[Information shown Boundary: Start]

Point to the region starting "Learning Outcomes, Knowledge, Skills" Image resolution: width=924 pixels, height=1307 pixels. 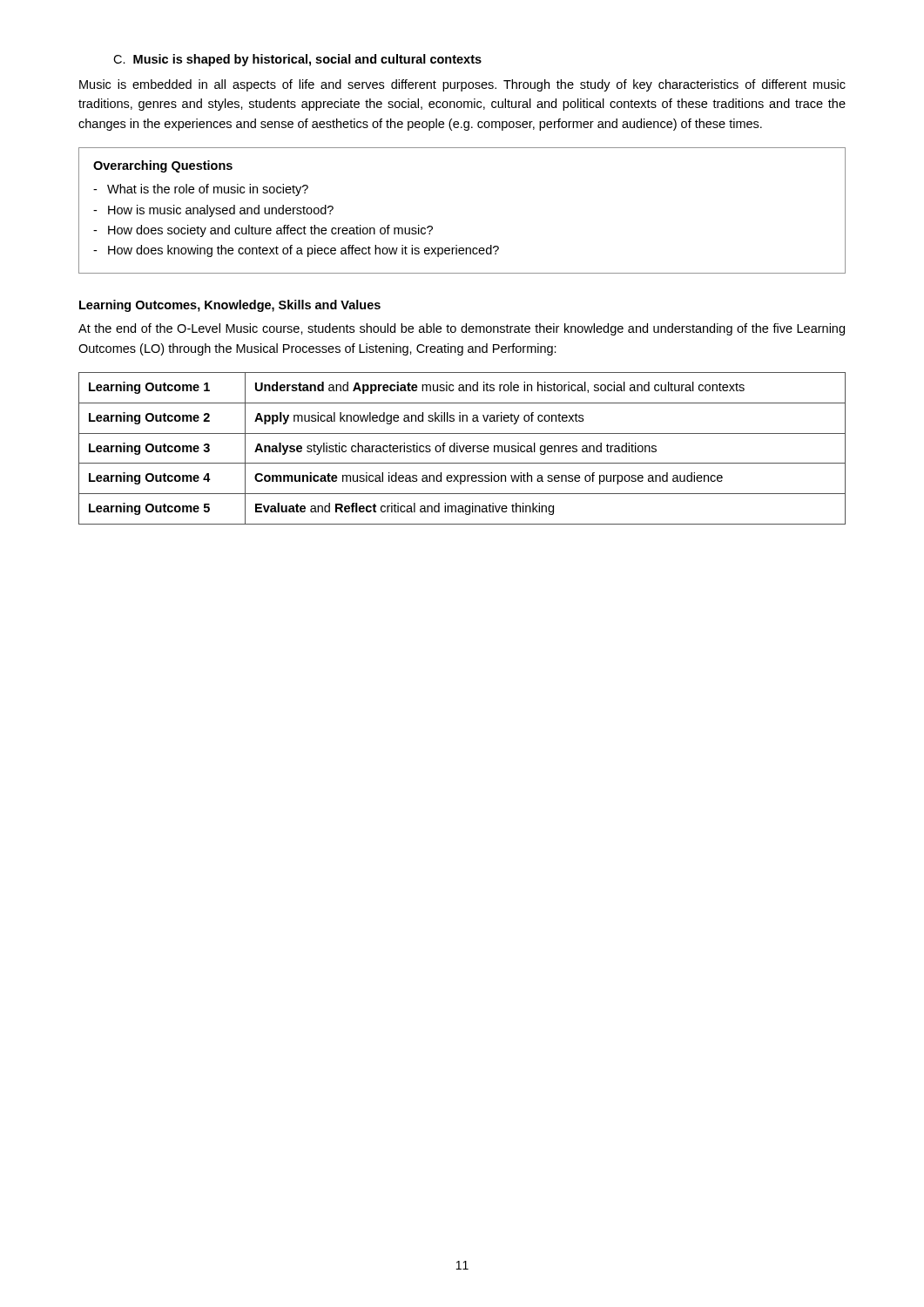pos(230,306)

[Information shown Boundary: End]
[Information shown Boundary: Start]

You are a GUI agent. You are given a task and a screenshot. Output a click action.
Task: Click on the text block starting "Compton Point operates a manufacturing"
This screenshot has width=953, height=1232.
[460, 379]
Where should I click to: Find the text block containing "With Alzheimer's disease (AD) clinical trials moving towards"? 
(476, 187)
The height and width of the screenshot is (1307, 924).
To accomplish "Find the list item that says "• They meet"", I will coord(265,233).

[Information shown Boundary: End]
[Information shown Boundary: Start]

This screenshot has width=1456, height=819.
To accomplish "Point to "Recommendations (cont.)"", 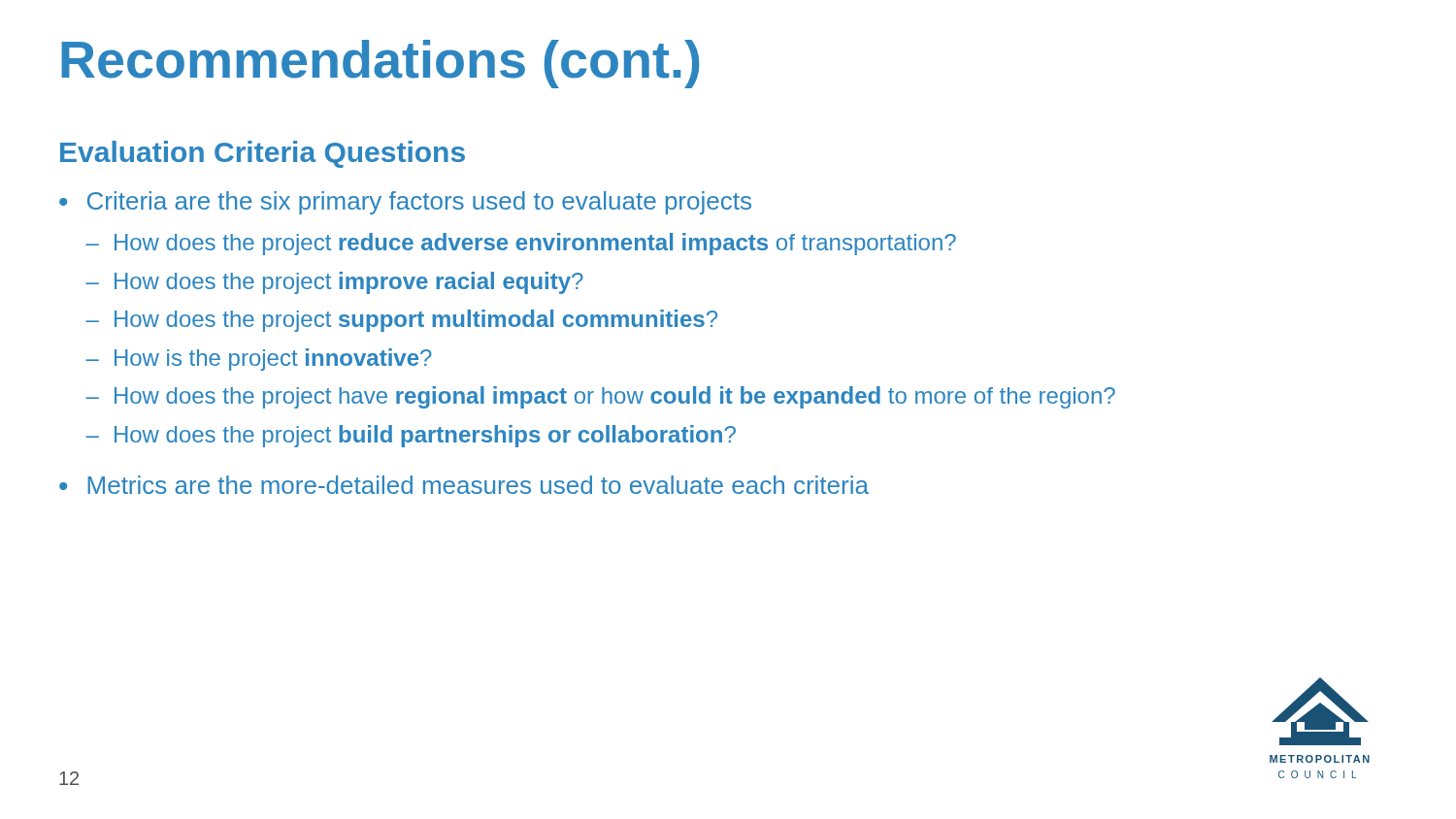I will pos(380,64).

[Information shown Boundary: End]

● Directions: Your task is to transcribe, with no changes, only the lines of the listing above that lie between the line holding "Task: Click on" and the line holding "The height and", inclusive.

● Answer box:
Task: Click on the text block starting "Compton Point operates a manufacturing"
This screenshot has width=953, height=1232.
[460, 379]
Where should I click to: Find the text block containing "With Alzheimer's disease (AD) clinical trials moving towards"? 
(476, 187)
The height and width of the screenshot is (1307, 924).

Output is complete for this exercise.